# Birch creek reservoir



## STEVO (Sep 13, 2007)

Does anyone know if they plow to the lake, or is it only accessible by snowmobile during the winter. I am wanting to try it out for ice fishing this year. Anyone know if there is safe ice there?? This will be my first trip to that lake, so I dont have much info to go on. Is it on the monte cristo snowmobile trail, or is it along some type of highway. Any info would be awesome. thanks


----------



## chuckmiester (Sep 9, 2007)

the road to bc is dirt either way. i seriously doubt they would plow it. with snow on the road it could get pretty nasty, but their are some people who say they ice fish it, but i would think they snowmobile into it.


----------



## The Naturalist (Oct 13, 2007)

This time of year the paved road over Monte is closed. You will have to go through Evanston, then about 10 minutes east of Woodruff. The hardest part will be finding the turnoff to the dam, it is not marked. I think it is less than a mile on a fairly level dirt road, and if there is not much snow you should be able to make it to the dam with little problem.

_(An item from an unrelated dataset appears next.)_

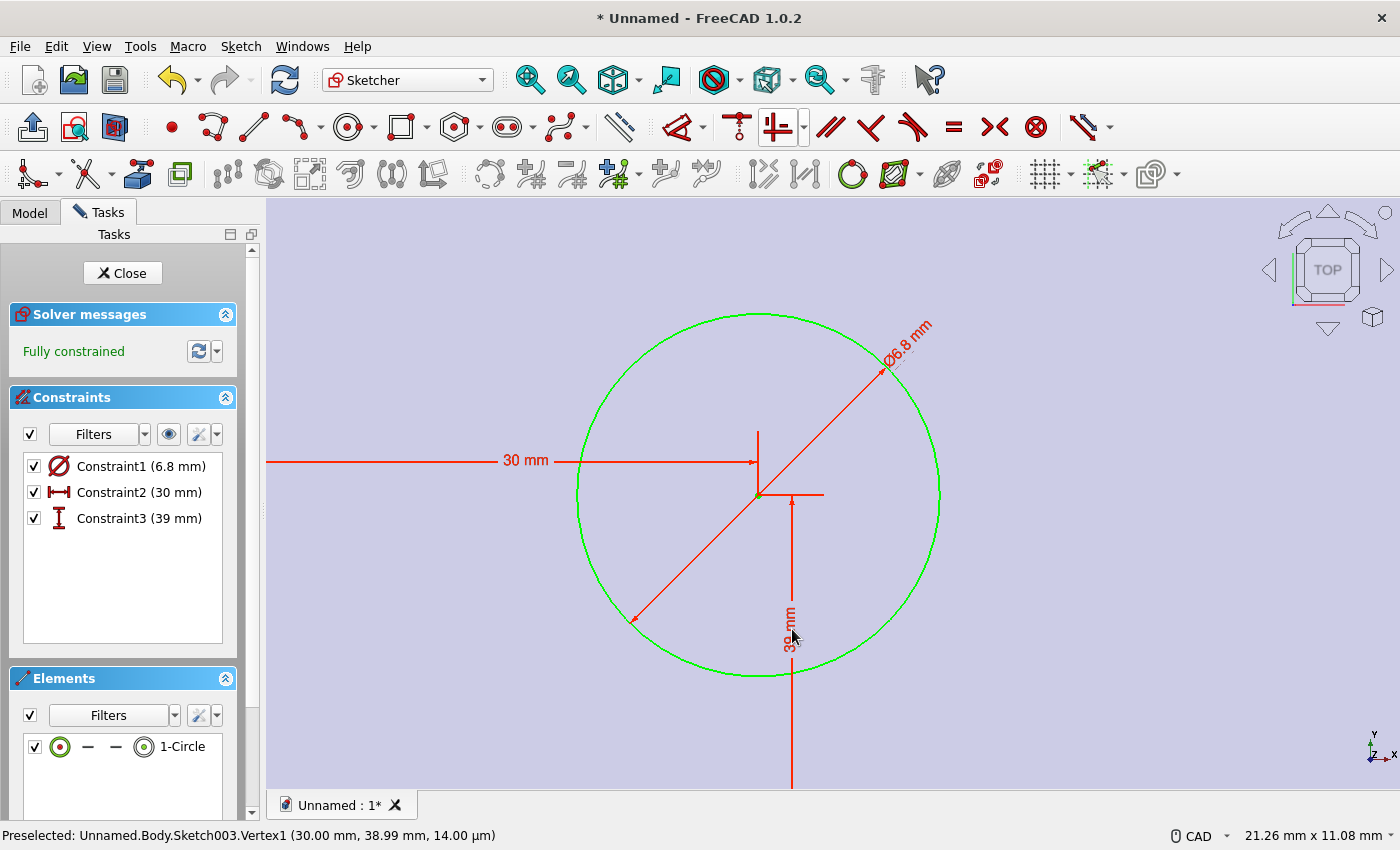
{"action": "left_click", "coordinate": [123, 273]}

I haven't been there this winter, but as cold as it gets in Rich County, there should be plenty of ice. Good Luck.


----------



## STEVO (Sep 13, 2007)

Thanks for the info guys, I was reading about it, It said it was on some monte trail, but I wasnt sure if that was the trail they groom for the snowmobilers or not. Sounds like we better take the snowmobiles if we do go there just to be on the safe side. Guess its off to scofield or some place like that for saturday then


----------



## RyanCreek (Dec 8, 2007)

I just read on another forum about a recent Birch Creek trip. Said it was -20 and the snow was 18 inches on the road to it. They had a jeep and snow chains and were barely able to make it back out after they were done fishing. I don't think it's a good idea without snowmobiles.


----------



## orvis1 (Sep 7, 2007)

-20 that sounds downright tropical! Should I use a 30 or 50 sunblock?


----------



## STEVO (Sep 13, 2007)

Im thinking a 30 would be good. Mabey a 50 on your chest. thats the worst to have sun burned :lol:


----------



## Nibble Nuts (Sep 12, 2007)

When heading westward from Woodruff there is a little sign that does mark where it is at. Climbing that dam probably will be alot of work when it is covered in snow.


----------



## LOAH (Sep 29, 2007)

That little sign might be buried by now. My understanding is that they close Monte Cristo from the Ogden side, but they maintain it for about 10 miles West of Woodruff, I think.


----------



## Greenguy88 (Sep 7, 2007)

Nibble Nuts said:


> When heading westward from Woodruff there is a little sign that does mark where it is at. Climbing that dam probably will be alot of work when it is covered in snow.


Climbing that dam is enough work as is without the snow! :lol:

I bet that sign could be covered by now, but that would be good if they mantain the road from the woodruff side a ways. It would be fun to get out there on the ice.


----------